Amazon DynamoDB is a fully managed NoSQL database service designed to automatically scale tables to adjust for capacity and maintain high performance. It does all that while the business can focus on innovation without using important resources on managing the database infrastructure. There is no need for installing, operating, or maintaining database software or managing servers for scalability and availability.
While AWS does the heavy lifting to support DynamoDB, developers do need to be mindful when modeling data for this service, so today we are sharing the best practices to maximize its performance and minimize the costs. Since DynamoDB is a NoSQL database, you will find the first three tips that focus on working efficiently with the database type itself.
1. Query and Scan
- Avoid full table scans – Optimize your searches in a way that utilizes query operation as much as possible. These operations are restricted to a specified partition key while the scan operation scans the entire table item by item.
- Use ‘Parallel Scan’ for big datasets – If you want to increase the speed of your scans for huge datasets, try using Parallel Scan which divides the table into segments and then processes each one of them simultaneously. Be aware of its high-capacity demand and potential throttling in case of misuse.
- The locality of reference – Keep related items as close as possible in your NoSQL database because it will improve performance and decrease costs. This is one of the most important factors when it comes to decreasing response times.
- Store hot and cold Data in different tables – Frequency of data access should be your guide when making tables. For example, you can consider separating time series data into different tables and separating the frequently accessed data in a table different from the old data. This builds upon the principle of Locality of reference but can also serve as a deciding factor for which tables to assign high read-to-write rates to. This will ensure efficient use of provision capacity and minimize the chances of throttling.
- Avoid Hot Keys – To scale across multiple instances, DynamoDB partitions your data and uses a partition key as a part of the primary keys. These partition keys indicate the instance which should store the particular piece of data. A hotkey is referred to as a partition key that receives significantly more traffic than the other keys in your DynamoDB table. This might lead to going over the I/O capacity and cause throttling. When designing data keys, make sure to distribute traffic uniformly across partitions and choose them wisely.
Large attributes with large names can slow down the process. When dealing with large attributes, either compress them using common algorithms like GZIP or store them in an Amazon S3 bucket and its S3 object identifier in the DynamoDB item. Also, use abbreviations or shorter names wherever possible.

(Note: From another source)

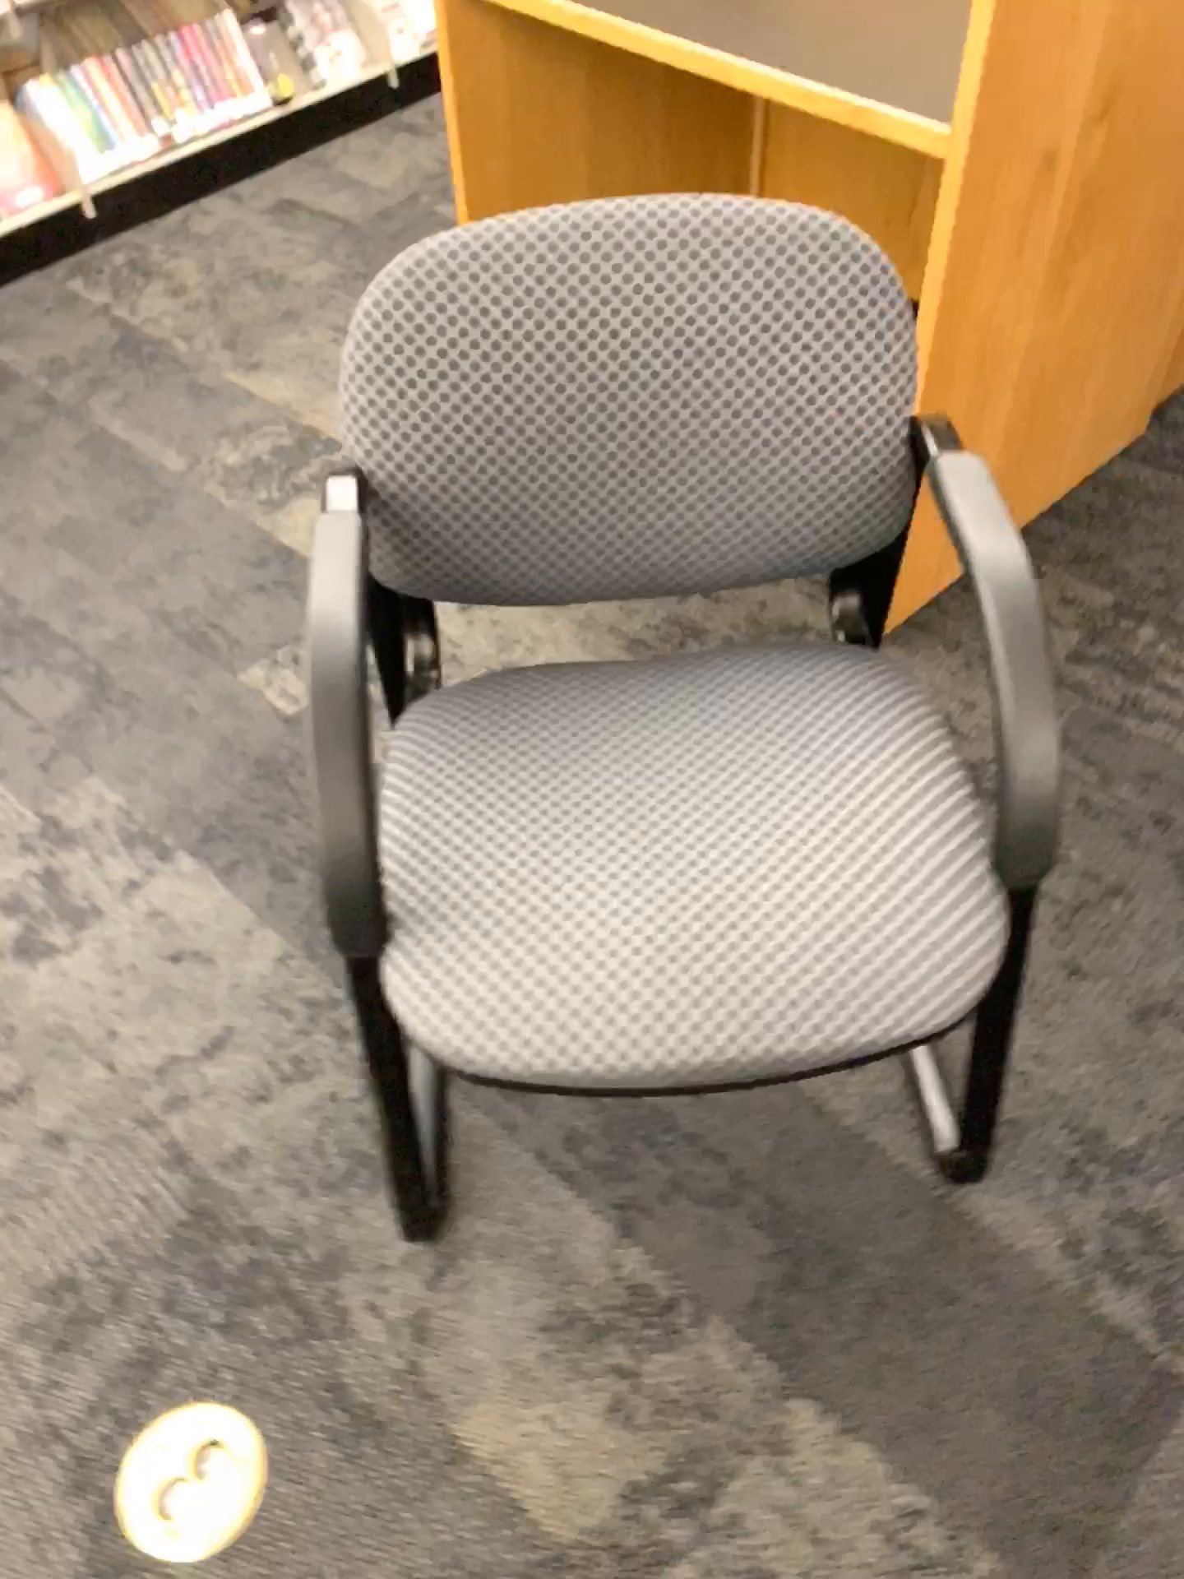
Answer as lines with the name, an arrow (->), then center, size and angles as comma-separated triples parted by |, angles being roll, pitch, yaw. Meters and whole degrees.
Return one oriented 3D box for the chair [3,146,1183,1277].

4. Identify Traffic Patterns using On-Demand Mode
DynamoDB has two modes for setting up a required capacity. First is the provisioned mode, where you specify the amount of reading capacity and write capacity units you want available for your tables in advance. Second is the on-demand mode. If you do not know your traffic patterns and are yet to establish an idea of your need, this is the mode to go for. Our suggestion is always to go for on-demand, understand your real requirement, and then switch to provisioned once you know the numbers.
5. Use Cache for Read-Heavy Workloads
Read-heavy workloads or frequently accessed items can constitute most of your capacity. This is why you should practice the use of caching. It has the ability to get your DynamoDB costs down by up to 80% by reducing the number of calls made to your table. This not only reduces the cost, it even increases the performance of your table by reducing the traffic.
6. Use IAM to Enforce Restrictions
IAM has several benefits and almost every section of security, costs, and performance can be taken control of by using this really powerful tool. What we really mean is that IAM policies can be used to control who is allowed to access certain services. In this case, restricting developers and services running expensive scan operations on DynamoDB tables can be helpful to keep your cost in check while ensuring all the resources are being used efficiently for making your business efficient.
7. Use DynamoDB Global Tables for Low Latency Applications
OTT platforms need to deliver content at low latency to as many consumers as possible. The most efficient way of doing this is by bringing the content as close to the user as possible. DynamoDB Global tables work on a similar theory and it automatically replicates data across multiple AWS Regions to deliver content at low latency.